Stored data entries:
<<<<
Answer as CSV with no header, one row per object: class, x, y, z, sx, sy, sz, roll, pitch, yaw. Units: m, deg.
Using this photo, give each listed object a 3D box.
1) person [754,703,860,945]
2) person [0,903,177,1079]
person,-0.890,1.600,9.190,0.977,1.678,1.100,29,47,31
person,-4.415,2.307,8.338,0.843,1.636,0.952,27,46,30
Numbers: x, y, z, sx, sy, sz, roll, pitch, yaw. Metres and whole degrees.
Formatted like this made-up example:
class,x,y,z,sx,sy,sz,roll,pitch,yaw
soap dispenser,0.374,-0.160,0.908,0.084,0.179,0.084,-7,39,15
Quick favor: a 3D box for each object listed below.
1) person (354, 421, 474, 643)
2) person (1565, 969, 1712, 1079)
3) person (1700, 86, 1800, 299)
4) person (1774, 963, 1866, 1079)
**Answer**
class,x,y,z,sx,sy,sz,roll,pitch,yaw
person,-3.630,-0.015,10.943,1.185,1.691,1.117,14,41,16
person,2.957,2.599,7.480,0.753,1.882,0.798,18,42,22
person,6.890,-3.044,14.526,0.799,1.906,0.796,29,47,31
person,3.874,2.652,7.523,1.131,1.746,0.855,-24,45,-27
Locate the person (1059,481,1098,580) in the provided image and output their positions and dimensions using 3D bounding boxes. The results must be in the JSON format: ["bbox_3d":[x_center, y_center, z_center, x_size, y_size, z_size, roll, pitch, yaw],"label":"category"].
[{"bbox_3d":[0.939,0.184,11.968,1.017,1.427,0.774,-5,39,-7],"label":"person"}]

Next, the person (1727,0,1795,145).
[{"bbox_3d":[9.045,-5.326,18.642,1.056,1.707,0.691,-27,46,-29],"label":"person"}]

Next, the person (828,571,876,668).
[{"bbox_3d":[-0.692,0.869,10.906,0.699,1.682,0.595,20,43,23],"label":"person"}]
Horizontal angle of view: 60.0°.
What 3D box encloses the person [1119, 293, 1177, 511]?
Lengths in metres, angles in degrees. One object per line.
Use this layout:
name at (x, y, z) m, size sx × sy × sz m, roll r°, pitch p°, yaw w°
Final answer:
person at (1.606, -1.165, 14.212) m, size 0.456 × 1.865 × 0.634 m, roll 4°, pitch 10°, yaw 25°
>>>>
| Required work |
Every single line in the records above must be written out exactly.

| Response below |
Answer as CSV with no header, one row per object: class, x, y, z, sx, sy, sz, roll, pitch, yaw. Units: m, deg.
Using this photo, give each listed object a 3D box.
1) person [754,703,860,945]
2) person [0,903,177,1079]
person,-0.890,1.600,9.190,0.977,1.678,1.100,29,47,31
person,-4.415,2.307,8.338,0.843,1.636,0.952,27,46,30
Numbers: x, y, z, sx, sy, sz, roll, pitch, yaw. Metres and whole degrees.
Formatted like this made-up example:
class,x,y,z,sx,sy,sz,roll,pitch,yaw
soap dispenser,0.374,-0.160,0.908,0.084,0.179,0.084,-7,39,15
Quick favor: a 3D box for each object listed below.
1) person (354, 421, 474, 643)
2) person (1565, 969, 1712, 1079)
3) person (1700, 86, 1800, 299)
4) person (1774, 963, 1866, 1079)
**Answer**
class,x,y,z,sx,sy,sz,roll,pitch,yaw
person,-3.630,-0.015,10.943,1.185,1.691,1.117,14,41,16
person,2.957,2.599,7.480,0.753,1.882,0.798,18,42,22
person,6.890,-3.044,14.526,0.799,1.906,0.796,29,47,31
person,3.874,2.652,7.523,1.131,1.746,0.855,-24,45,-27
Locate the person (1059,481,1098,580) in the provided image and output their positions and dimensions using 3D bounding boxes. The results must be in the JSON format: ["bbox_3d":[x_center, y_center, z_center, x_size, y_size, z_size, roll, pitch, yaw],"label":"category"].
[{"bbox_3d":[0.939,0.184,11.968,1.017,1.427,0.774,-5,39,-7],"label":"person"}]

Next, the person (1727,0,1795,145).
[{"bbox_3d":[9.045,-5.326,18.642,1.056,1.707,0.691,-27,46,-29],"label":"person"}]

Next, the person (828,571,876,668).
[{"bbox_3d":[-0.692,0.869,10.906,0.699,1.682,0.595,20,43,23],"label":"person"}]
Horizontal angle of view: 60.0°.
What 3D box encloses the person [1119, 293, 1177, 511]?
Lengths in metres, angles in degrees. One object per line.
Use this layout:
name at (x, y, z) m, size sx × sy × sz m, roll r°, pitch p°, yaw w°
Final answer:
person at (1.606, -1.165, 14.212) m, size 0.456 × 1.865 × 0.634 m, roll 4°, pitch 10°, yaw 25°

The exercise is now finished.